Ms. Johnstone is also correct when she notes, “(T)his government structure reflects a societal value: homeless cats and dogs are just another waste stream.” The problem of homeless dogs and cats is enormous, overwhelmingly so. Our culture of disposability where something old with a little less sheen- shoes, cell phones, computers, cars- is traded in for something new and shiny is pervasive in this country. Unfortunately, for dogs and cats in the shelter system, the consequences of pathological consumerism and irresponsibility are life-threatening. Millions die every year for no reason other than someone, somewhere, had something better to do.
Yet…
There is happiness in these photos, and hope.
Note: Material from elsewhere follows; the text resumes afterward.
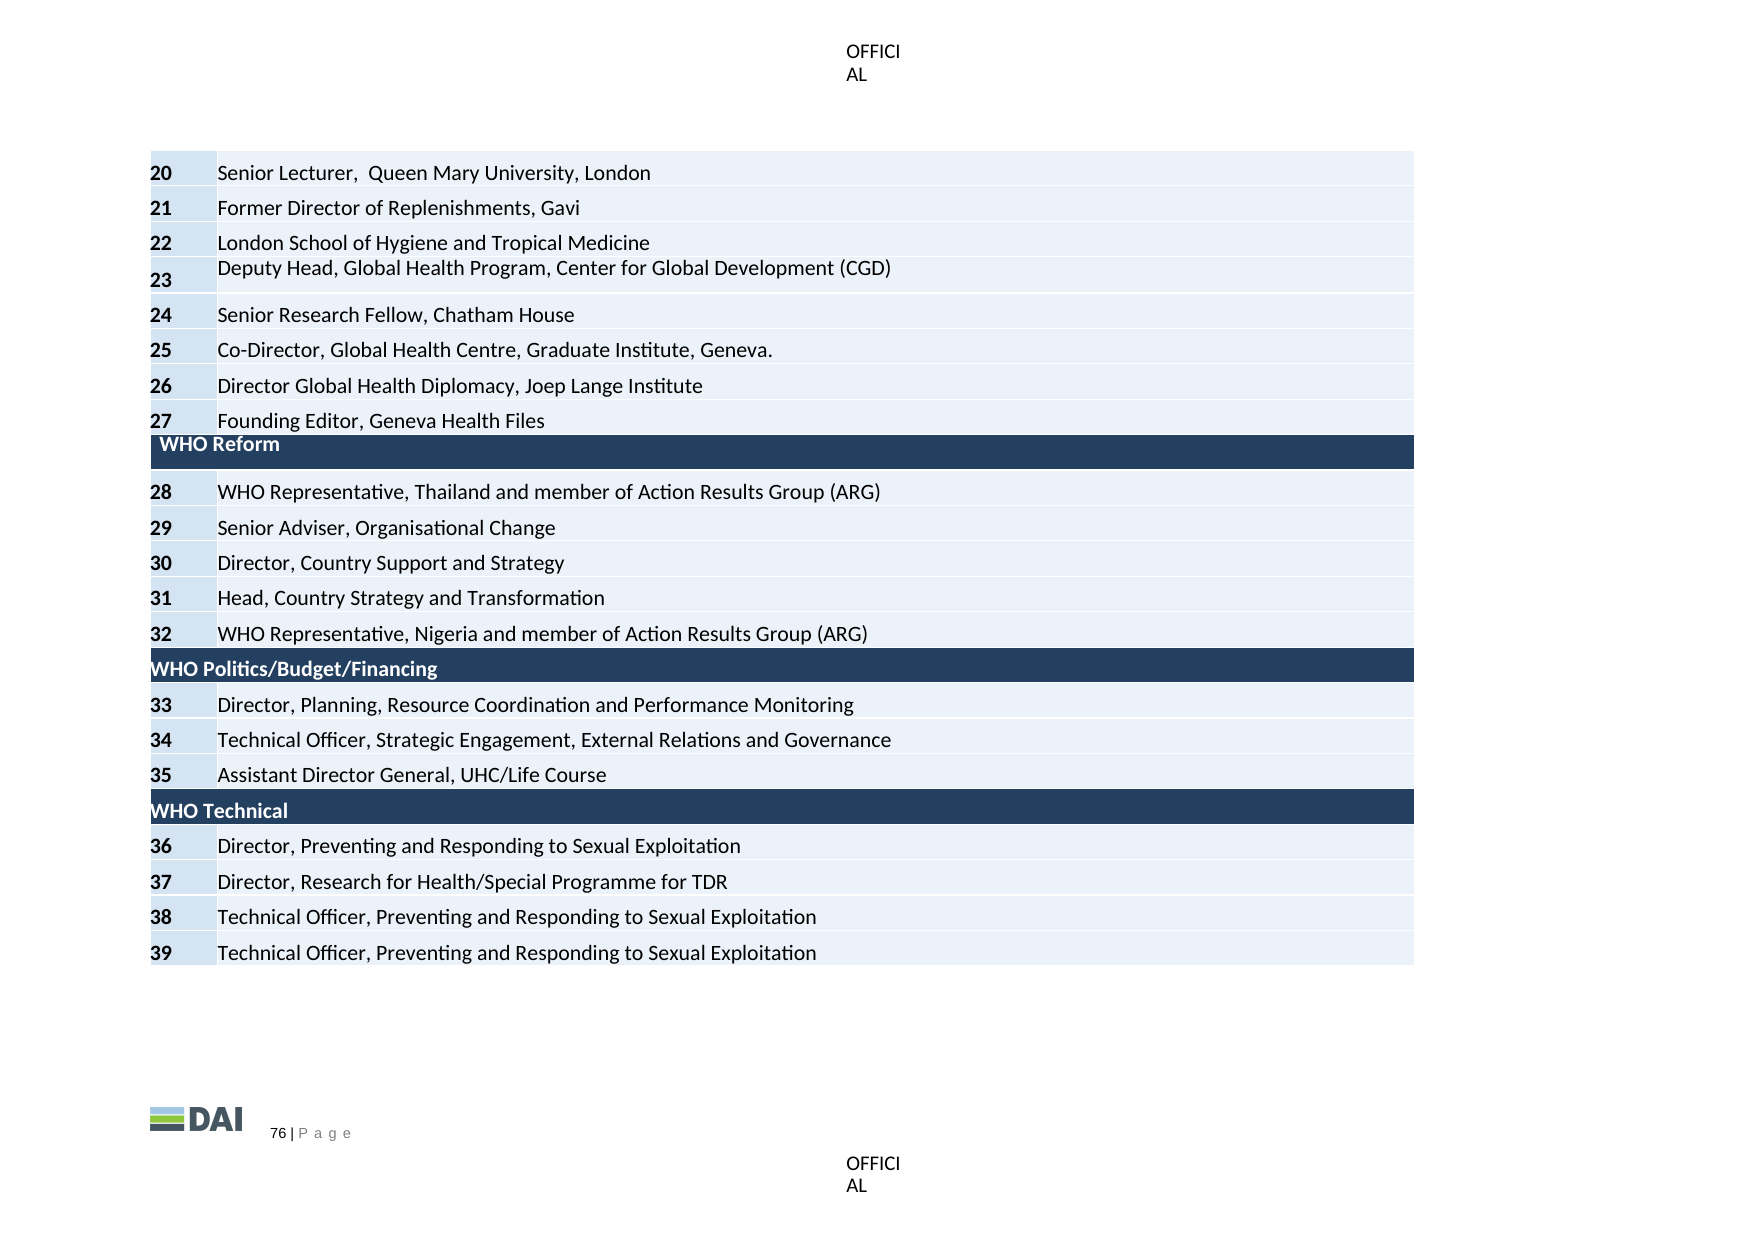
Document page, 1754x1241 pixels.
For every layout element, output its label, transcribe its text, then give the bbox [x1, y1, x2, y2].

You see absolute joy in the eyes of these dogs. You see freedom, however temporary, from kennels and disinfectants and cage doors and hour after hour of deafening barking that echoes and echoes and echoes (sit in a kennel for an afternoon and you will understand how maddening it is). You see happiness as they walk, smell, run and take in a few hours of sunshine. You see them as they should be: free.
The Landfill Dogs project is rooted in the belief that at least some of these dogs will be adopted and have a happy ending. If not, if their story takes a different turn, then at least they have had one great fun day filled with treats and scratches and belly rubs. If we can’t save them all, we can at least do that. Yes, there is a hope in this project that is, for me, infectious. It makes me want to believe just a little bit more and maybe tomorrow I will. In the mean time, I will hug my dogs, I will kiss their faces and I will promise, for the millionth time, that to keep them safe, warm and in my heart for as long as they grace my life.
I encourage everyone to visit Landfill Dogs for yourself. Absorb it, learn from it and then spread the word. Lives will be saved.